When an SMSF member dies, their members balance must be “cashed out” under law as a lump sum payment. A dependant of the recently deceased member can elect to receive the death benefit as a pension. Only dependants can make this election.
A dependant includes; a spouse, a defacto spouse, a child under 18, a financially dependent adult child under 25 old or a permanently disabled child.
If a pension is being paid to a child under 25, they must receive a lump sum payment before they reach 25 to complete the payment of cash benefits.
| Status of Beneficiary | Tax-Free Component | Taxable Component |
|---|---|---|
| Dependant | Tax Free | Tax Free |
| Non-Dependant | Tax Free | Taxed @ Marginal Tax Rate (Tax rebate = 15% X taxable component) |
If a death benefit payment is made to a non-dependant, tax will be payable on the amount that is taxable. The taxable component of the death benefit will be added to the recipient’s personal income for that year and that person will be given a tax credit of 15% on tax already paid by the Superannuation fund.

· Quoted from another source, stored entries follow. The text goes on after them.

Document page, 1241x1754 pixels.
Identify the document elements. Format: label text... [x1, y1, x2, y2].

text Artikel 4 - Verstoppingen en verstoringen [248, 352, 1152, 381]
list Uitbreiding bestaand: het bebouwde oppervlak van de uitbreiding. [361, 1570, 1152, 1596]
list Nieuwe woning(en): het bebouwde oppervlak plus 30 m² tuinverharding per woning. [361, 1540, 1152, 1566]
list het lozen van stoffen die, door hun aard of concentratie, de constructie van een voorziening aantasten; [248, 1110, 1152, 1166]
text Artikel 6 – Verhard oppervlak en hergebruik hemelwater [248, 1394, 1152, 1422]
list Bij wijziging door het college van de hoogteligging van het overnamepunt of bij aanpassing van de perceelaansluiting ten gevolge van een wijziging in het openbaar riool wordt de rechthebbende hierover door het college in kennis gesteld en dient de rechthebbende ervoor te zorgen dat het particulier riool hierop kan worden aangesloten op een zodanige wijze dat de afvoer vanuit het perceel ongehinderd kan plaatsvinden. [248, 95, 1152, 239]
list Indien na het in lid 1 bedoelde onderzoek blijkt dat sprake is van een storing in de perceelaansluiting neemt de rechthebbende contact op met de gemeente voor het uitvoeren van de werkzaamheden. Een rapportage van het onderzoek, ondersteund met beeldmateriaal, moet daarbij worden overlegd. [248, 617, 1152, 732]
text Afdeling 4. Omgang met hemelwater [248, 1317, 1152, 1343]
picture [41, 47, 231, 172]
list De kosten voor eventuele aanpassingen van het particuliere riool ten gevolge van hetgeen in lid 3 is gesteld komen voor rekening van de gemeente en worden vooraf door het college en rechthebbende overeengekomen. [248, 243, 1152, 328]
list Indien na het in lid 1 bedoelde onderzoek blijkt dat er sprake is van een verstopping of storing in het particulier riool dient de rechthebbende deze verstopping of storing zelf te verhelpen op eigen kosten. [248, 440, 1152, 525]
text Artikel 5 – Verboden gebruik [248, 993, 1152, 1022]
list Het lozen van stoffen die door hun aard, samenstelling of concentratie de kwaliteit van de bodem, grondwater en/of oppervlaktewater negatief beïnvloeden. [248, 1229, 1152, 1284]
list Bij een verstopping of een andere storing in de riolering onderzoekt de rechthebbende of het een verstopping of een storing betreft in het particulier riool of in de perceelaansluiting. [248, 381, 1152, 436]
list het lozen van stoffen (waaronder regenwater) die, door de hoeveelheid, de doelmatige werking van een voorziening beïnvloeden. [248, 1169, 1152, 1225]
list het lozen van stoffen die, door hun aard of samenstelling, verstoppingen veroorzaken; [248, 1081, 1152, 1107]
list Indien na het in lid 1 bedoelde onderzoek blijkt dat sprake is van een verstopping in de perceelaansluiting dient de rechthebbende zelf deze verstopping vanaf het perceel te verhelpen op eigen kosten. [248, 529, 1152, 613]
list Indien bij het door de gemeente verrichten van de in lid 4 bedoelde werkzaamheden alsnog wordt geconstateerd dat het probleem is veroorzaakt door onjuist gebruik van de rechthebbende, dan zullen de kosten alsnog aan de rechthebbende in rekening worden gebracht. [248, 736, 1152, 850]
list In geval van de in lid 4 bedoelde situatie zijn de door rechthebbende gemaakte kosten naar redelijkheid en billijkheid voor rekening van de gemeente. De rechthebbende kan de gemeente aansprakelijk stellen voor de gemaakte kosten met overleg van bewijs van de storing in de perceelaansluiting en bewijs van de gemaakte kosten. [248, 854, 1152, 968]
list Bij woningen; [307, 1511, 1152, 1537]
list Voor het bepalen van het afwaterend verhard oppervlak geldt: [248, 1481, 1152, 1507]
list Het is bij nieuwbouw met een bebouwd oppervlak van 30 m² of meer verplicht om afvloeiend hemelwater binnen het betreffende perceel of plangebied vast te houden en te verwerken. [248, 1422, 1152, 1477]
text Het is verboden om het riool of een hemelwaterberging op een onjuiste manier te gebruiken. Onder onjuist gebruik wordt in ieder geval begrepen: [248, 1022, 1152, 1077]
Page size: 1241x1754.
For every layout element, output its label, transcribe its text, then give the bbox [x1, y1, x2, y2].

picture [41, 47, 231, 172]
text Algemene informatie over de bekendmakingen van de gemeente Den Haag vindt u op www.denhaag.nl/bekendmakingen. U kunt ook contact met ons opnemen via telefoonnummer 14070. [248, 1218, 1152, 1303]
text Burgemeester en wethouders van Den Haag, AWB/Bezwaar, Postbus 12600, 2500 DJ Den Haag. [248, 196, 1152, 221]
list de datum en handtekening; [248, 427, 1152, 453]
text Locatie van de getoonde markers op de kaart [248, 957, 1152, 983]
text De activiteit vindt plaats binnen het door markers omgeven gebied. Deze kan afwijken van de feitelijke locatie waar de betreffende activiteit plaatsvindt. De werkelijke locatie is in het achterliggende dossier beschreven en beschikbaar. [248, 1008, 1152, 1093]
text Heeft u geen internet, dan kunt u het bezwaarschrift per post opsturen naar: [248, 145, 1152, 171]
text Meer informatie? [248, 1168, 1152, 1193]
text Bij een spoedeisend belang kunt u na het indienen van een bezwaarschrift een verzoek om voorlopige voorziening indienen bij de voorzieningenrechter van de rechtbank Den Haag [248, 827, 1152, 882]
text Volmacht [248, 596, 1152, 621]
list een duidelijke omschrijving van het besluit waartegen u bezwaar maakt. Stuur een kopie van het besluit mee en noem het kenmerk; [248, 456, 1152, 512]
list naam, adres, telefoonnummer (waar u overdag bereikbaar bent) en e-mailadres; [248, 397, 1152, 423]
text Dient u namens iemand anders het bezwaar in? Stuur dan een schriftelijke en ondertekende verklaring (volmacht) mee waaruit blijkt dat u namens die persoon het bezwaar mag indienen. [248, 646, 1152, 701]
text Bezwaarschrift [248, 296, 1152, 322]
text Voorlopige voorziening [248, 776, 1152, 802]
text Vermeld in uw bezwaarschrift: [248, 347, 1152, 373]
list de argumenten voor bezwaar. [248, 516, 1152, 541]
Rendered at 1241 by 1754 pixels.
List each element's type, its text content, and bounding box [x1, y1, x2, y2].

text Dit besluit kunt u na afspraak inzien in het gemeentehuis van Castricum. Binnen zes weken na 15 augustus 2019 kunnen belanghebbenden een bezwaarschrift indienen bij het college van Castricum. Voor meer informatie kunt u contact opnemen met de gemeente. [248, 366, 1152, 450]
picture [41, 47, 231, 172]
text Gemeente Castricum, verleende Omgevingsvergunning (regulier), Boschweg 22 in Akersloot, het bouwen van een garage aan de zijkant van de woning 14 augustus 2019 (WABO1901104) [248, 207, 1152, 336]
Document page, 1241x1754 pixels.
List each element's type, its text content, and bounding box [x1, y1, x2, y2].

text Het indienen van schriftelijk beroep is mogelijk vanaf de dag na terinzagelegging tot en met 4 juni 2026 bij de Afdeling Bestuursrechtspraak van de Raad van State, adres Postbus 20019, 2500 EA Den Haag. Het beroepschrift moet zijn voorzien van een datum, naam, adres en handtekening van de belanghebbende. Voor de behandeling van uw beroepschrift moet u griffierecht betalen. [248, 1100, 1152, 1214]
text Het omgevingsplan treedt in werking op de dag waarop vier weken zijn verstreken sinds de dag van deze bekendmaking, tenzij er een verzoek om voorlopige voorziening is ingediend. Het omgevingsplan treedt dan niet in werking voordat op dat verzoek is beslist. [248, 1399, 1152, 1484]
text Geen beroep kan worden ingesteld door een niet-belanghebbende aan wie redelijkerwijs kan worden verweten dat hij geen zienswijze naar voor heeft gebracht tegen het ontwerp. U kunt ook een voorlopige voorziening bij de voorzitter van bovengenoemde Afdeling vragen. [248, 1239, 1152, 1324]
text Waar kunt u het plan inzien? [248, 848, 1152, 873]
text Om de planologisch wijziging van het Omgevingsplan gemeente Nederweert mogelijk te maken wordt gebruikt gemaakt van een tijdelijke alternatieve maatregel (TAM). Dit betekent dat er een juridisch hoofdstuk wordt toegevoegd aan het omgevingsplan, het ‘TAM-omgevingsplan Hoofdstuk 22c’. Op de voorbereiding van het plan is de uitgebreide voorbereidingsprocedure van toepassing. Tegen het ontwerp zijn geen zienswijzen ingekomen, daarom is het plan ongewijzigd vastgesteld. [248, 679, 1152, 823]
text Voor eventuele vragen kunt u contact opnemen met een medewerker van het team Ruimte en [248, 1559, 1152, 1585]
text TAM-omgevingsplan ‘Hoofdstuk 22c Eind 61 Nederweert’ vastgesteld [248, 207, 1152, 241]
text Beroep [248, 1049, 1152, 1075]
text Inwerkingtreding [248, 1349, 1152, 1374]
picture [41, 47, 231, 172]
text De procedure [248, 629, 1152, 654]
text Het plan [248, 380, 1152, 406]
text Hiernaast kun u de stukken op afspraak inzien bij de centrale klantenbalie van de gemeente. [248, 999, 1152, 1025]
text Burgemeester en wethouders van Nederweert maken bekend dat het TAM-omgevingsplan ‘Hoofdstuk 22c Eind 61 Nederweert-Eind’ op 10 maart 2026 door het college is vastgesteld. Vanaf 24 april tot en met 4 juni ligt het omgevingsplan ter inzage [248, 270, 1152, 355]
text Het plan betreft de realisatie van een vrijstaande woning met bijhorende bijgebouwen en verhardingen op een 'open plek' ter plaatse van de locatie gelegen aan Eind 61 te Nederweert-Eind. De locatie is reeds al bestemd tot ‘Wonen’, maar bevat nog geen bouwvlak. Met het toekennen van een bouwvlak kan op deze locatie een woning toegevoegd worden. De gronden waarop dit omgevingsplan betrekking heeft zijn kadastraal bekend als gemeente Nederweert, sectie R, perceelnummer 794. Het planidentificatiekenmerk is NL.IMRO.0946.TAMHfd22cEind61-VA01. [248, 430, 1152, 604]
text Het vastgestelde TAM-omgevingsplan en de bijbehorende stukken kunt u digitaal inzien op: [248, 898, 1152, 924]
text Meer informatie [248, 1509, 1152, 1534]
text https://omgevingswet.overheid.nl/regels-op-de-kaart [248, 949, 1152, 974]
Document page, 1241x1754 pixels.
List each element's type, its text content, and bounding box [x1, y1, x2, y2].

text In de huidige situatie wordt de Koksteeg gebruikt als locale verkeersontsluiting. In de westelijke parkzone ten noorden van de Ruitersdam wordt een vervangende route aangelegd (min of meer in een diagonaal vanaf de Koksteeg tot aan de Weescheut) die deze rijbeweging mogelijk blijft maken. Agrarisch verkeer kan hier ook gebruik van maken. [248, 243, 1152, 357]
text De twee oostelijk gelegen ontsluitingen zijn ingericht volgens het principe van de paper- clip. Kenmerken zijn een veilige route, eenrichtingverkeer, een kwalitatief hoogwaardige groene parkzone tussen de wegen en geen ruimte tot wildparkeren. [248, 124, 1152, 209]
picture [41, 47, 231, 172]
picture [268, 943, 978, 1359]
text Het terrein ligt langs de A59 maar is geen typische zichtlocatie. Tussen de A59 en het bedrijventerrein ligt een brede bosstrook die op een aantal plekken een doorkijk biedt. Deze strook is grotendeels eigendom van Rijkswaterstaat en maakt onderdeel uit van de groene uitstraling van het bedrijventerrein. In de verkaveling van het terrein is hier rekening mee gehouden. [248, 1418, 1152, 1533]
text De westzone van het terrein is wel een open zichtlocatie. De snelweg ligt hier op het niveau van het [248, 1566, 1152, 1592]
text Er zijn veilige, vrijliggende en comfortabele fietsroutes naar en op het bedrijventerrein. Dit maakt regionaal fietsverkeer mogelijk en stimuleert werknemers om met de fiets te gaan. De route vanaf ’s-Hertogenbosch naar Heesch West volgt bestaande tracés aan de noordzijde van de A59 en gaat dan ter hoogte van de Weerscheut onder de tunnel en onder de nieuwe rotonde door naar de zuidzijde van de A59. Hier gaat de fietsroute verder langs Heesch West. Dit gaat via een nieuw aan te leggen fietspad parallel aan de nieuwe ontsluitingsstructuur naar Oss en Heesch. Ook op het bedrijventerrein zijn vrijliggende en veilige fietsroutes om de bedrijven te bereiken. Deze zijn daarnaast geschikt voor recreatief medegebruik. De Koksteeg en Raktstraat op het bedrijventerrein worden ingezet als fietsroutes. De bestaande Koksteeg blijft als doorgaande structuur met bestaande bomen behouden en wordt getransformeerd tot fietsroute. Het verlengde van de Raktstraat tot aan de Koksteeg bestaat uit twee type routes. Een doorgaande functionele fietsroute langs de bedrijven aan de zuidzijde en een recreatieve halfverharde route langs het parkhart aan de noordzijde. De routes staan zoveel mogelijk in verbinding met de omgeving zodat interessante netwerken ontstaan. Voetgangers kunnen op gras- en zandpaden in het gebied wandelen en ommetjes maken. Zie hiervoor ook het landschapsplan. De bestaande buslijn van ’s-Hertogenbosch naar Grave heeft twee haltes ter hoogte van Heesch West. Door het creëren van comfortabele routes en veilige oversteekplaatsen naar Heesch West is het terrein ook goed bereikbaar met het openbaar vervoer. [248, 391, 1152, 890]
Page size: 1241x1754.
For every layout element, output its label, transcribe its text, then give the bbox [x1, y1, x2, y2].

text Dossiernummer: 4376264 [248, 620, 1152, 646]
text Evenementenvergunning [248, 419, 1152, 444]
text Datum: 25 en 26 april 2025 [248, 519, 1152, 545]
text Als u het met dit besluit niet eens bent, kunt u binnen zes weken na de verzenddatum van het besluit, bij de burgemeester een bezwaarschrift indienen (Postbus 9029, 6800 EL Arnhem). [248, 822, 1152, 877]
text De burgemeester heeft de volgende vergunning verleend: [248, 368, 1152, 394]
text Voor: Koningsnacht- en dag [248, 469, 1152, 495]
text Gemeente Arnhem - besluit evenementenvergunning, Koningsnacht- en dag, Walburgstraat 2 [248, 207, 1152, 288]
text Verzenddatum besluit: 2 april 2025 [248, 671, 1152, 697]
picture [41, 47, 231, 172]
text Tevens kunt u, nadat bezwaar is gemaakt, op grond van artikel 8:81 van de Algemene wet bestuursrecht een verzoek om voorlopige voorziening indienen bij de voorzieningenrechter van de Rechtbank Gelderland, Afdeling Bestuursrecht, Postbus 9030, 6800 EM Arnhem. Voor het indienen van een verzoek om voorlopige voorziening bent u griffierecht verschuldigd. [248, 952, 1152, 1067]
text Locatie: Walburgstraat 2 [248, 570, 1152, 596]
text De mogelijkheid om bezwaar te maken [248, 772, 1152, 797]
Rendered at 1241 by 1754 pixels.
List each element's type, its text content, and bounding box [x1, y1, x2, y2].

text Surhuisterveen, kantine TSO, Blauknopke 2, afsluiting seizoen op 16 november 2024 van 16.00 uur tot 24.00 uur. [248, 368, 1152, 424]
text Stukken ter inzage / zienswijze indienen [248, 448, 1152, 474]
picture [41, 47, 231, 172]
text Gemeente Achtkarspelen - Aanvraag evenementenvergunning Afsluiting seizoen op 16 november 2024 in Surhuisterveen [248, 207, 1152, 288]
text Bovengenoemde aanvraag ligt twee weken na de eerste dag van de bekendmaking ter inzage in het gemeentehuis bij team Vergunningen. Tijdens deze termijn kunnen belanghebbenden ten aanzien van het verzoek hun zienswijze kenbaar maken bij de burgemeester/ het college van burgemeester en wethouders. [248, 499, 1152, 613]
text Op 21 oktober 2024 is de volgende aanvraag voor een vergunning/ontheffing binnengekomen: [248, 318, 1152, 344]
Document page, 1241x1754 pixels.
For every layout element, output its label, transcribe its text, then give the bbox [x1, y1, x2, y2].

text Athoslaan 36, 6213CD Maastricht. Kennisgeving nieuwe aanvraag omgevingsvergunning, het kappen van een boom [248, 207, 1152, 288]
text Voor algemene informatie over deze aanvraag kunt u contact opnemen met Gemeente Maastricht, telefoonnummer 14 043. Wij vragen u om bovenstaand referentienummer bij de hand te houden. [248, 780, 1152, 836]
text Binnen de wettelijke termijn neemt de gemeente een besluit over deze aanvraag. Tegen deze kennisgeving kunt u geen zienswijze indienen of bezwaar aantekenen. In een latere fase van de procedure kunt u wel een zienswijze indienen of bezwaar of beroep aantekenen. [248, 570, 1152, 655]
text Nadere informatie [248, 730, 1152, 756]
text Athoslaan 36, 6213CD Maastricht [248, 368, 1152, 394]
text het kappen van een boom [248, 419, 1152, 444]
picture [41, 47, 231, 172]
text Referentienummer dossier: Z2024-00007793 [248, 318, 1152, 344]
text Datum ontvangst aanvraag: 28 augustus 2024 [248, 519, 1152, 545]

For example Bill died with $100,000 in his SMSF members account and decided before his death to pay his daughter his member’s entitlement upon death. The taxable amount of his death benefit was $50,000. When his daughter Sally completed her taxation return in the year she received her Dad’s death benefit she must declare the $50,000 taxable component and add it to her taxable income. Sally will receive a tax credit of $7,500 ($50,000 * .15%) on tax already paid by her Fathers SMSF.